Our research on CAD algorithms and design methodologies for extremely large integrated circuits lead to integrated optimizations, such as a unification of partitioning, placement and floorplanning; we have also developed a simultaneous optimization of digital logic and layout by finding and exploiting functional symmetries. Our current work predicts and outlines major changes in how large circuits will be designed in the future. In particular, the dominance of wires over transistors (in terms of delay and power) will lead to devastating global effects, such as buffer flooding --- long wires must be buffered, but the inserted buffers may elongate other wires, thus requiring additional buffers. Such global effects will force a complete merger of logical and physical synthesis, and will also heavily impact micro-architecture. In turn, such a merger necessitates new datastructures that capture both evolving logic and evolving layout, as well as new algorithms to perform such evolution. In our current work, we seek effective solutions to the buffer flood problem, and are developing fully integrated logic and layout optimization at large scale. We are also actively looking at large-scale combinatorial optimization and constraint satisfaction relevant to VLSI applications, such as circuit partitioning and Boolean satisfiability. Our software has been included among CAD tools required for the design of LSI Logic's RapidChip integrated circuits (structured ASICs) and in this context was used to design successful chips at Hewlett Packard, Silicon Graphics, CISCO, Raytheon, Seagate, Fujitsu, Hitachi, 3COM, Nortel Networks, Alcatel, Cryptec and IP Wireless.
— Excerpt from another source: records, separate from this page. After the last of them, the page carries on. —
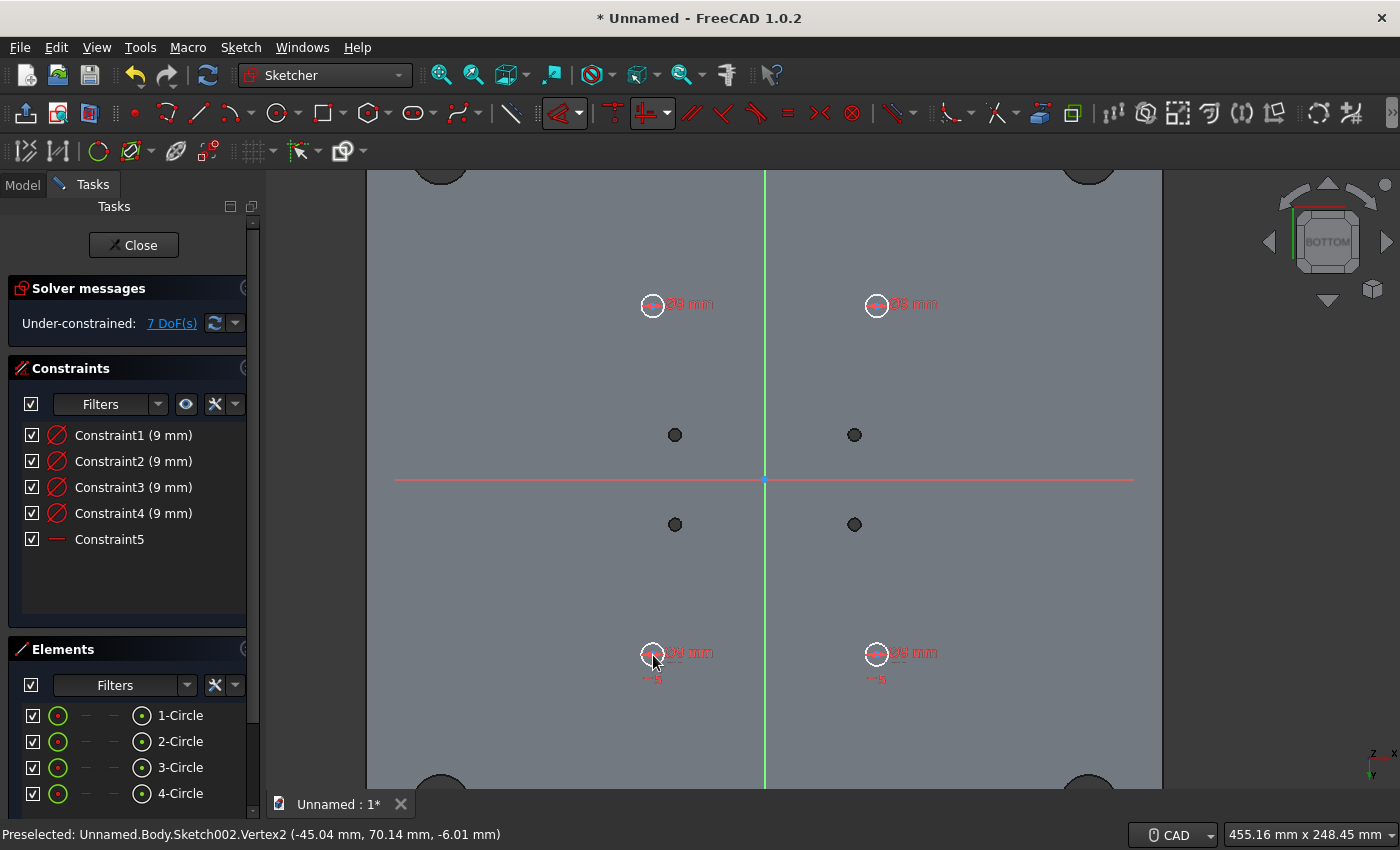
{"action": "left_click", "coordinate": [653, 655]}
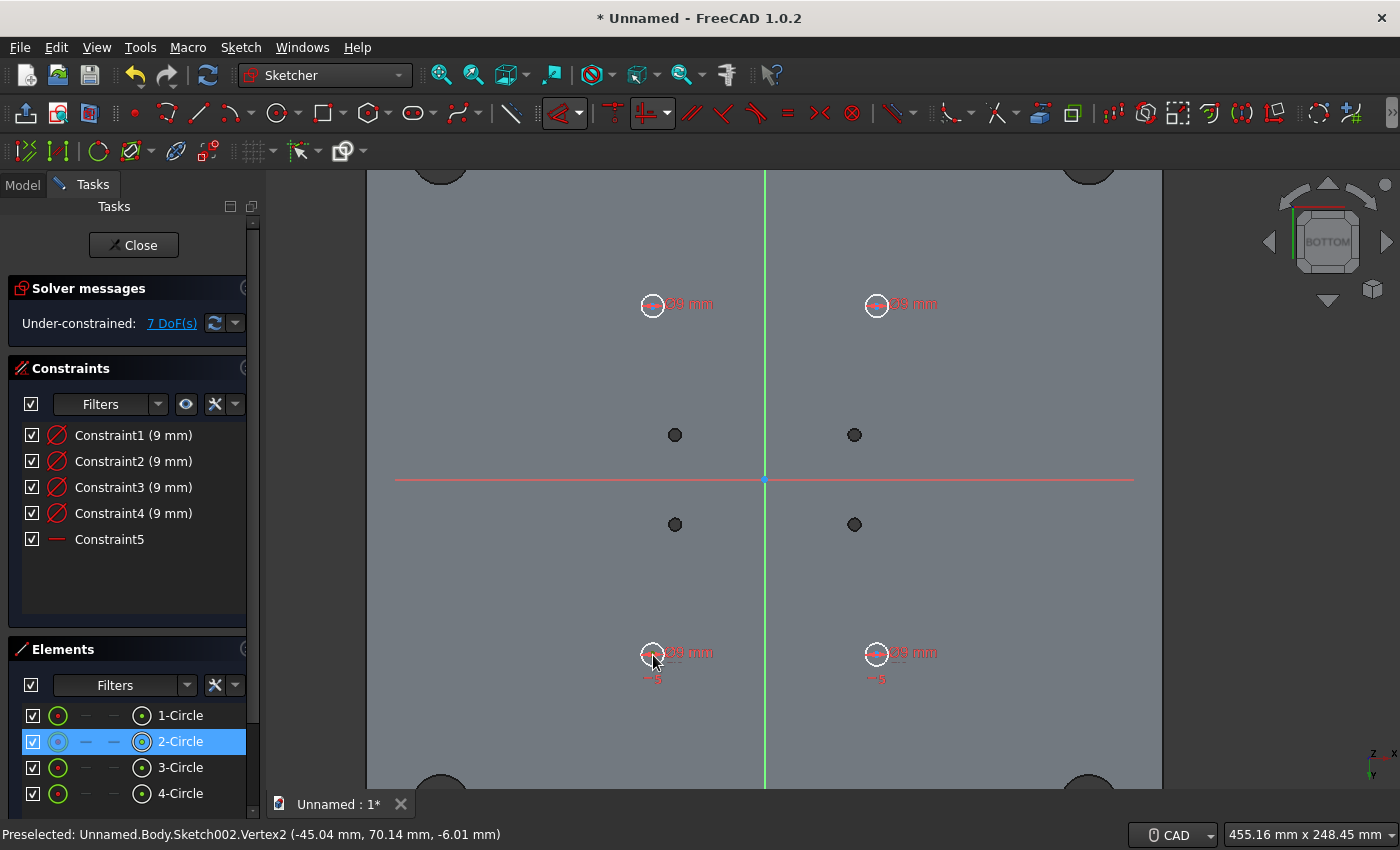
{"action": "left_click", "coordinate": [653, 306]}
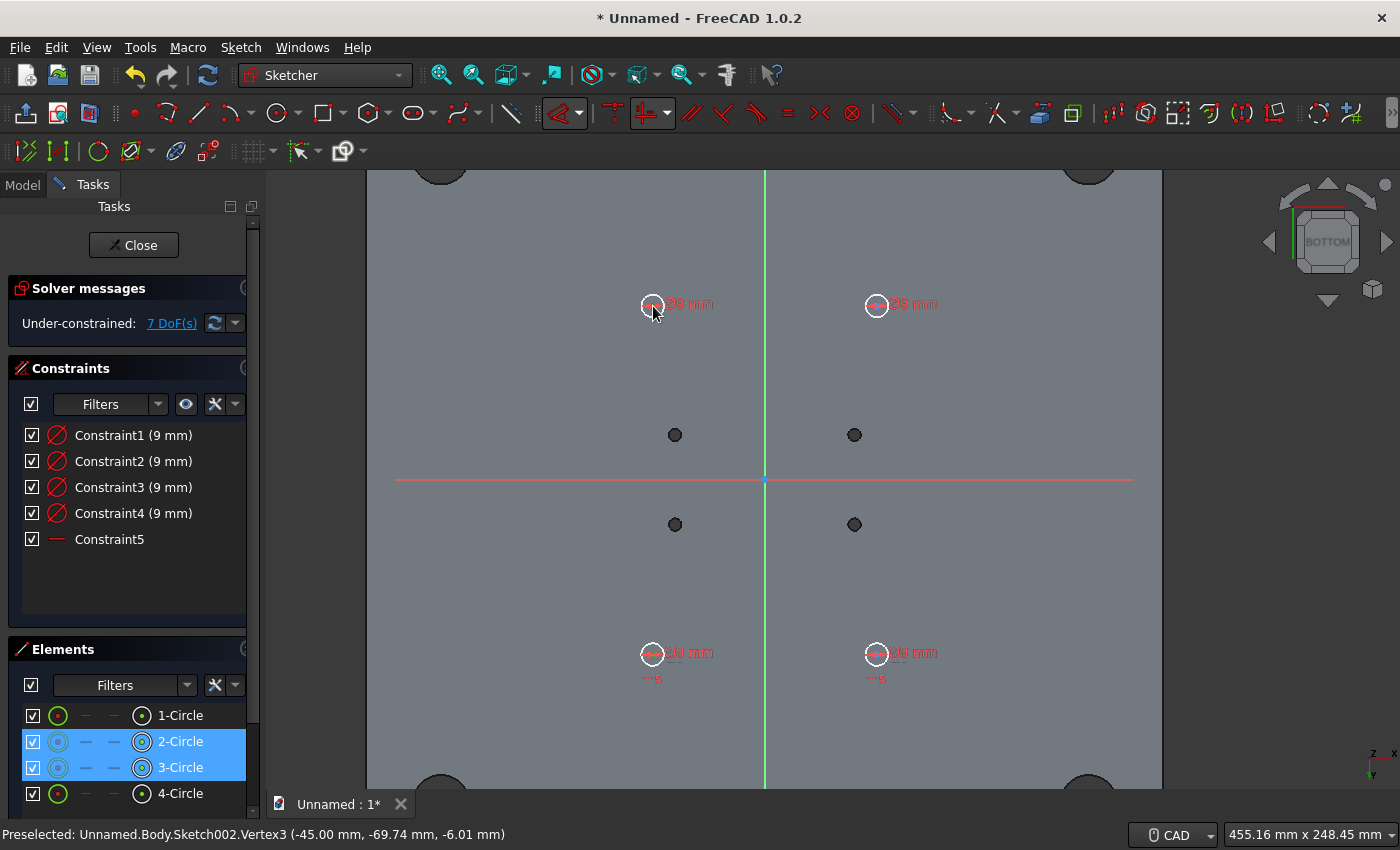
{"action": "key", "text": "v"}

It is well-known that worst-case complexity of computational problems does not capture achievable performance in problem-solving because only a very small fraction of inputs can be realistically explored within the age of the universe. In this context, understanding commonly-occuring structure in instances of NP-hard problems offers hope in applications that require solving such instances. To this end, we have performed a comprehensive study of symmetries and symmetry-breaking in instances of Boolean satisfiability, and graph coloring. We developed the world's fastest Graph Automorphism solver that helps finding symmetries in a variety of problems and can be used in conjunction with our efficient techniques to handle symmetries. This often results in dramatic efficiency improvements. In one case (proving the pigeon-hole principle) a provably-exponential complexity was reduced to low-polynomial complexity, both provably and empirically. Significant improvements have been observed in the context of formal verification of digital circuits -- our algorithms are used at Siemens and our software implementation is used at Synopsys. We have also demonstrated speed-ups in SAT solving and formal verification by exploiting two different hypergraph structures extracted from input clauses.
Present technology trends decrease transistor size by a factor of two in less than two years, and will soon reach atomic scales, where physical reality is described by quantum-mechanical effects. While our current work is not concerned with incorporating quantum efforts into traditional circuit design, we are studying a more futuristic concept --- that of quantum circuits. The main difference is that quantum circuits process quantum information rather than zeros and ones, and possess a number of counter-intuitive features of quantum mechanics. Such circuits can break [keys of] the RSA crypto-system in polynomial time, therefore we are interested in understanding the potential and the limits of such quantum speed-ups as well as specific applications where quantum circuits can be useful. To this end, we have implemented a high-performance simulator of quantum circuits that is currently used in close to 20 research institutions in North America, Europe and Asia. It allows one to experiment with quantum circuits and algorithms, and in some cases can handle surprisingly large quantum computations.